🤖 AI Summary
This work addresses the performance degradation of Vision Transformers (ViTs) in ear recognition caused by the inclusion of non-ear regions in rectangular image patches and the mismatch between ear morphological variability and ViT’s positional sensitivity. To mitigate these issues, the authors propose an anatomy-aware patch alignment method that leverages feature detection to guide local patch-based warping, aligning patch boundaries with anatomical contours of the ear. This ensures that token representations better conform to the ear’s natural curvature.
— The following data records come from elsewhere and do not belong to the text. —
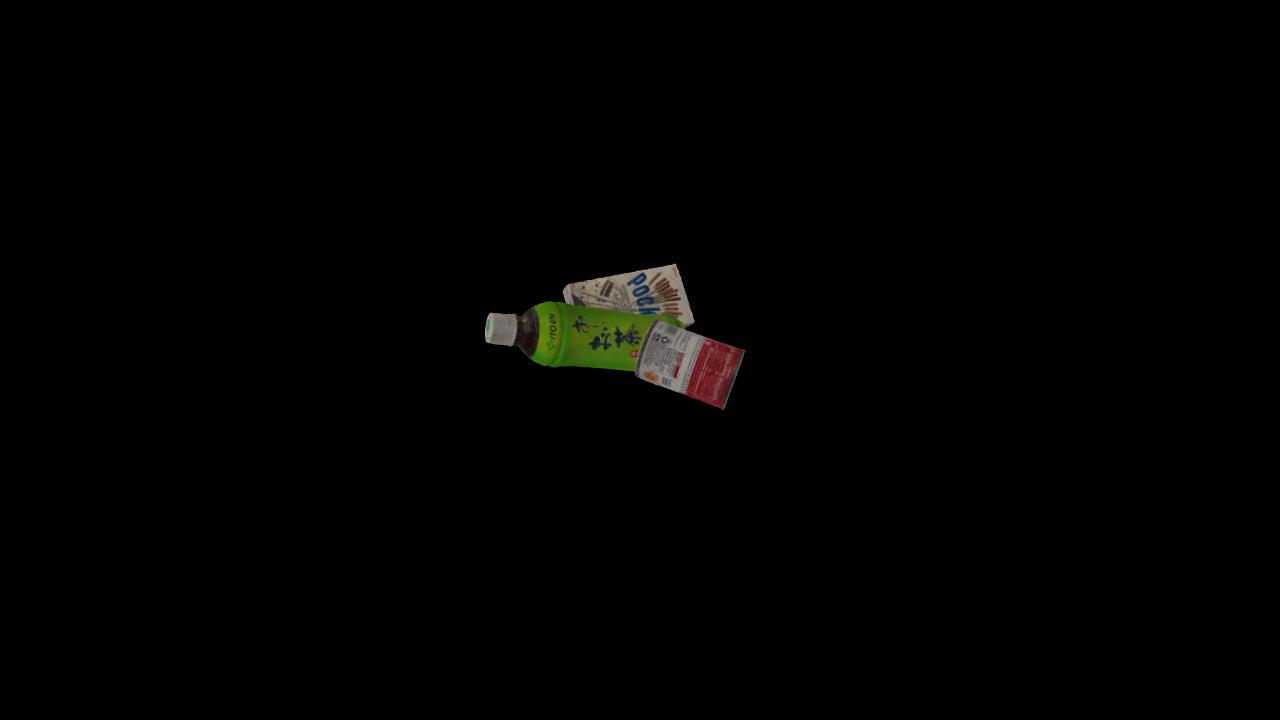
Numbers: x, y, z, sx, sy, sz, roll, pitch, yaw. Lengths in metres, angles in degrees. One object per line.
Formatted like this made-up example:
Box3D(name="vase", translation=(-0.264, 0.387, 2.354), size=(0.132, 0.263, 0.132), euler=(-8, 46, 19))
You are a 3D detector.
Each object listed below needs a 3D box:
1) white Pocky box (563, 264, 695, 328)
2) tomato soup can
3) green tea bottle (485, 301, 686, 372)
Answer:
Box3D(name="white Pocky box", translation=(-0.013, -0.066, 0.766), size=(0.154, 0.084, 0.028), euler=(-15, -6, -24))
Box3D(name="tomato soup can", translation=(0.052, 0.005, 0.650), size=(0.101, 0.068, 0.068), euler=(20, 3, 9))
Box3D(name="green tea bottle", translation=(-0.055, -0.022, 0.648), size=(0.212, 0.073, 0.073), euler=(3, -1, -28))
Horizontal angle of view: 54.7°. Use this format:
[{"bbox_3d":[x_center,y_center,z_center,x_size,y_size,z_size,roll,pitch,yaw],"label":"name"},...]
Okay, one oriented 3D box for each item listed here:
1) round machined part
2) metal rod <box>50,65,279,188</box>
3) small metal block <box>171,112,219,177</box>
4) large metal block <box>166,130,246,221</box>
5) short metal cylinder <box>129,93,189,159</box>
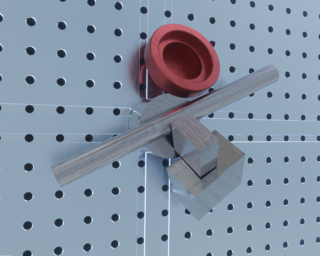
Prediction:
[{"bbox_3d":[0.025,-0.082,0.401,0.099,0.042,0.098,11,63,-22],"label":"round machined part"},{"bbox_3d":[0.021,-0.011,0.368,0.302,0.025,0.025,-26,99,-19],"label":"metal rod"},{"bbox_3d":[0.039,0.019,0.350,0.025,0.050,0.050,-31,143,-18],"label":"small metal block"},{"bbox_3d":[0.060,0.062,0.398,0.080,0.050,0.080,-37,147,-16],"label":"large metal block"},{"bbox_3d":[0.005,-0.003,0.401,0.081,0.050,0.079,0,90,-21],"label":"short metal cylinder"}]
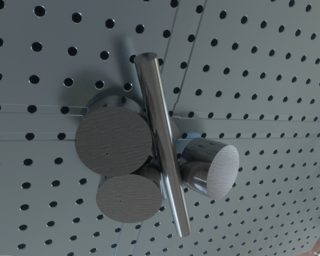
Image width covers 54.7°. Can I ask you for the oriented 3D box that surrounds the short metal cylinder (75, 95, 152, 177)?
[{"bbox_3d":[-0.051,0.008,0.349,0.081,0.050,0.079,-2,109,-6],"label":"short metal cylinder"}]

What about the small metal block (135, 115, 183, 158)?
[{"bbox_3d":[-0.006,0.004,0.406,0.050,0.025,0.050,-37,129,-4],"label":"small metal block"}]

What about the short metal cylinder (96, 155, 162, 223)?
[{"bbox_3d":[-0.038,0.075,0.399,0.081,0.050,0.079,-1,120,-2],"label":"short metal cylinder"}]

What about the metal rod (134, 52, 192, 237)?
[{"bbox_3d":[0.012,0.045,0.408,0.025,0.025,0.298,-23,127,-14],"label":"metal rod"}]

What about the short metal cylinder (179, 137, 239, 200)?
[{"bbox_3d":[0.071,0.057,0.448,0.081,0.050,0.079,-18,115,-43],"label":"short metal cylinder"}]

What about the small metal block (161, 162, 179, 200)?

By integrating anatomical knowledge into the ViT preprocessing pipeline—a novel contribution—the method significantly enhances robustness and recognition accuracy across varying ear shapes, sizes, and poses, as demonstrated on multiple ViT architectures (ViT-T/S/B/L).
📝 Abstract
The rectangular tokens common to vision transformer methods for visual recognition can strongly affect performance of these methods due to incorporation of information outside the objects to be recognized. This paper introduces PaW-ViT, Patch-based Warping Vision Transformer, a preprocessing approach rooted in anatomical knowledge that normalizes ear images to enhance the efficacy of ViT. By accurately aligning token boundaries to detected ear feature boundaries, PaW-ViT obtains greater robustness to shape, size, and pose variation. By aligning feature boundaries to natural ear curvature, it produces more consistent token representations for various morphologies. Experiments confirm the effectiveness of PaW-ViT on various ViT models (ViT-T, ViT-S, ViT-B, ViT-L) and yield reasonable alignment robustness to variation in shape, size, and pose. Our work aims to solve the disconnect between ear biometric morphological variation and transformer architecture positional sensitivity, presenting a possible avenue for authentication schemes.